> [Action item]
Take the line containing "#2 pillar with roof beam (97,0,196,312)" and every line after it to the end of the material below; reproduce them exactly, without pictures.
==================================================
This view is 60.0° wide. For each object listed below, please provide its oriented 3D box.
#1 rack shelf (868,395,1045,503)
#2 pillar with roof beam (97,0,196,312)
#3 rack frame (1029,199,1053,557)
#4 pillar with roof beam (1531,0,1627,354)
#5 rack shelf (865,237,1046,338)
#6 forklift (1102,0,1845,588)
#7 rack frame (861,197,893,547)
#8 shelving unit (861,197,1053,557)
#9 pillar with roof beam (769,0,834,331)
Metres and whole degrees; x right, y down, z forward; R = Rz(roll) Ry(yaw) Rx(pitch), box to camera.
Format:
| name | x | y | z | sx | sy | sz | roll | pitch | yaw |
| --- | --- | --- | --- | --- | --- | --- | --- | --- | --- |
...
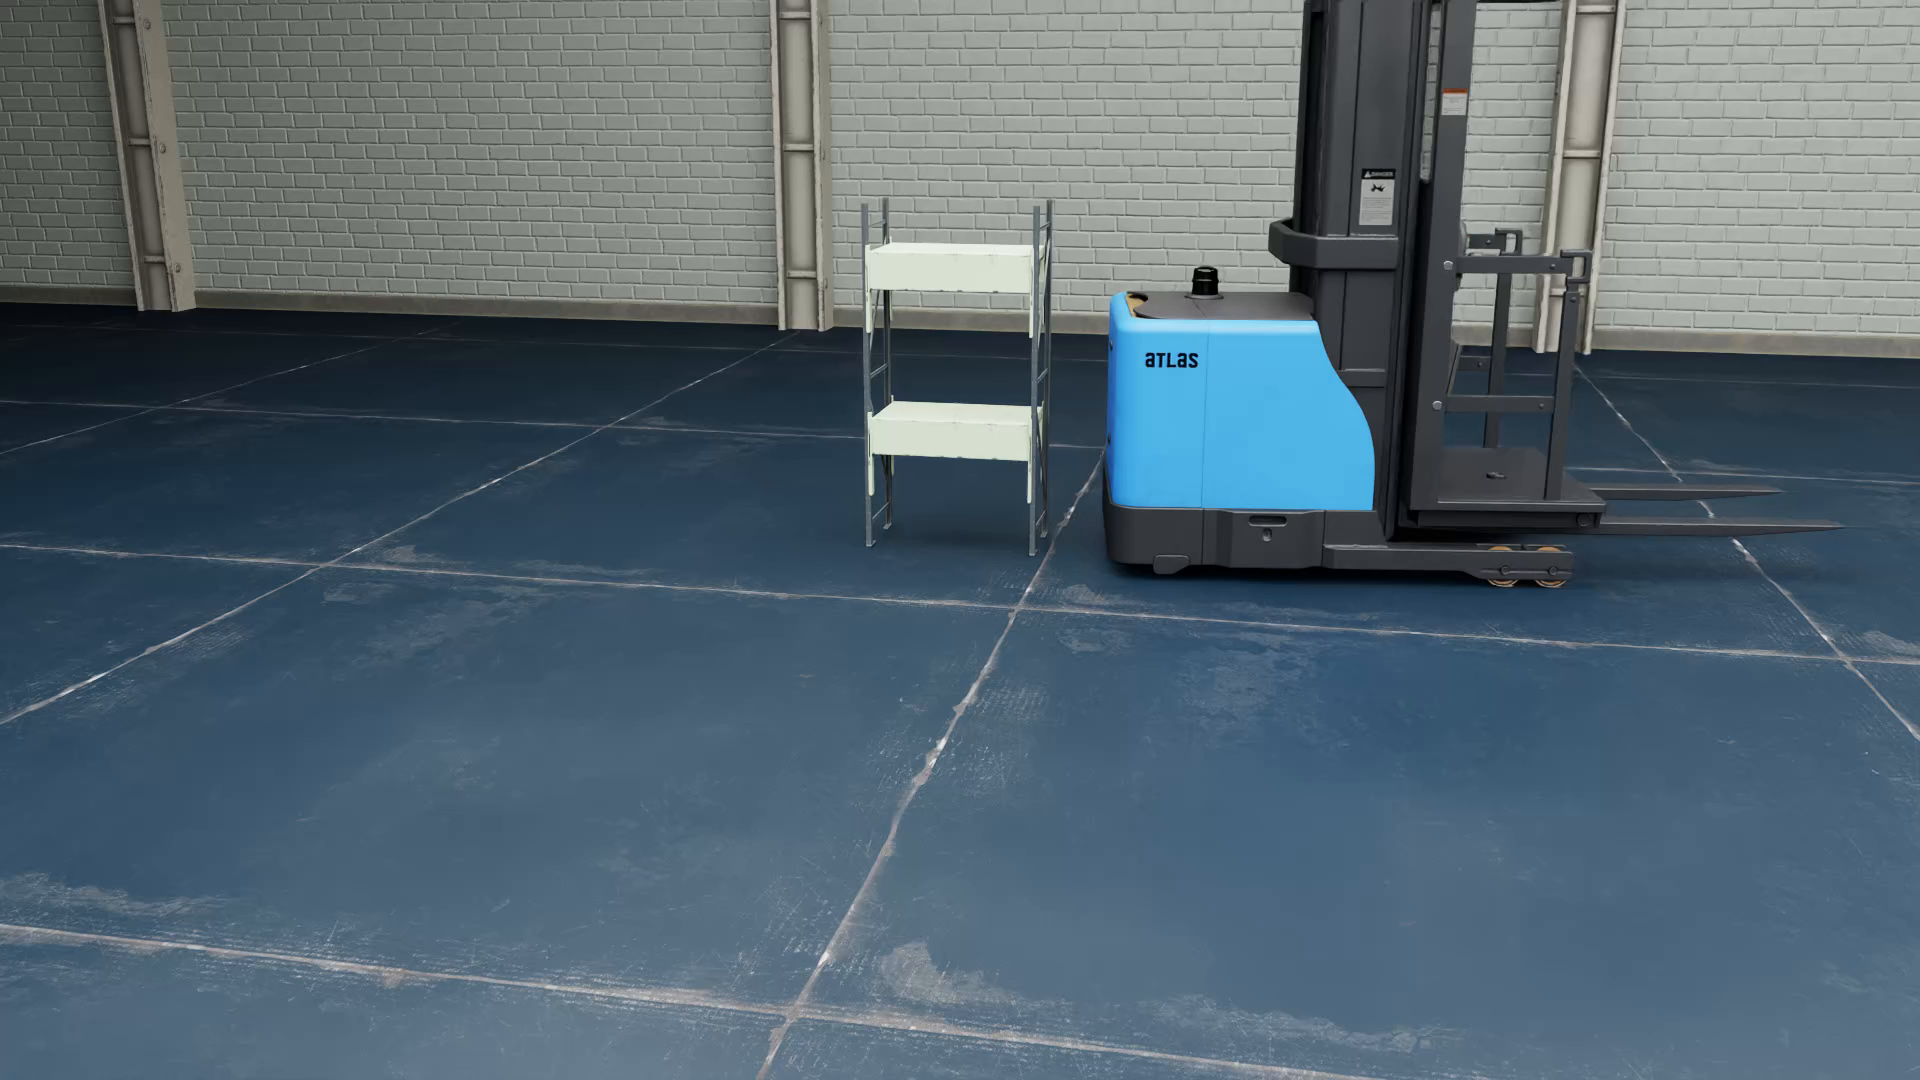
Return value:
| name | x | y | z | sx | sy | sz | roll | pitch | yaw |
| --- | --- | --- | --- | --- | --- | --- | --- | --- | --- |
| rack shelf | -0.007 | -0.409 | 7.380 | 0.720 | 0.370 | 0.431 | 3 | 16 | 11 |
| pillar with roof beam | -8.018 | -5.300 | 9.770 | 0.400 | 9.000 | 9.100 | 3 | 16 | 11 |
| rack frame | 0.352 | -0.704 | 7.223 | 0.023 | 1.500 | 0.400 | 3 | 16 | 11 |
| pillar with roof beam | 3.741 | -4.662 | 7.465 | 0.400 | 9.000 | 9.100 | 3 | 16 | 11 |
| rack shelf | -0.007 | -1.099 | 7.189 | 0.720 | 0.370 | 0.431 | 3 | 16 | 11 |
| forklift | 2.156 | -1.363 | 6.921 | 3.031 | 2.935 | 1.130 | 1 | 16 | 3 |
| rack frame | -0.365 | -0.743 | 7.363 | 0.023 | 1.500 | 0.400 | 3 | 16 | 11 |
| shelving unit | -0.007 | -0.723 | 7.293 | 0.755 | 1.500 | 0.431 | 3 | 16 | 11 |
| pillar with roof beam | -2.139 | -4.981 | 8.618 | 0.400 | 9.000 | 9.100 | 3 | 16 | 11 |
==================================================
> [Answer]
#2 pillar with roof beam (97,0,196,312)
#3 rack frame (1029,199,1053,557)
#4 pillar with roof beam (1531,0,1627,354)
#5 rack shelf (865,237,1046,338)
#6 forklift (1102,0,1845,588)
#7 rack frame (861,197,893,547)
#8 shelving unit (861,197,1053,557)
#9 pillar with roof beam (769,0,834,331)
Metres and whole degrees; x right, y down, z forward; R = Rz(roll) Ry(yaw) Rx(pitch), box to camera.
Format:
| name | x | y | z | sx | sy | sz | roll | pitch | yaw |
| --- | --- | --- | --- | --- | --- | --- | --- | --- | --- |
...
Return value:
| name | x | y | z | sx | sy | sz | roll | pitch | yaw |
| --- | --- | --- | --- | --- | --- | --- | --- | --- | --- |
| rack shelf | -0.007 | -0.409 | 7.380 | 0.720 | 0.370 | 0.431 | 3 | 16 | 11 |
| pillar with roof beam | -8.018 | -5.300 | 9.770 | 0.400 | 9.000 | 9.100 | 3 | 16 | 11 |
| rack frame | 0.352 | -0.704 | 7.223 | 0.023 | 1.500 | 0.400 | 3 | 16 | 11 |
| pillar with roof beam | 3.741 | -4.662 | 7.465 | 0.400 | 9.000 | 9.100 | 3 | 16 | 11 |
| rack shelf | -0.007 | -1.099 | 7.189 | 0.720 | 0.370 | 0.431 | 3 | 16 | 11 |
| forklift | 2.156 | -1.363 | 6.921 | 3.031 | 2.935 | 1.130 | 1 | 16 | 3 |
| rack frame | -0.365 | -0.743 | 7.363 | 0.023 | 1.500 | 0.400 | 3 | 16 | 11 |
| shelving unit | -0.007 | -0.723 | 7.293 | 0.755 | 1.500 | 0.431 | 3 | 16 | 11 |
| pillar with roof beam | -2.139 | -4.981 | 8.618 | 0.400 | 9.000 | 9.100 | 3 | 16 | 11 |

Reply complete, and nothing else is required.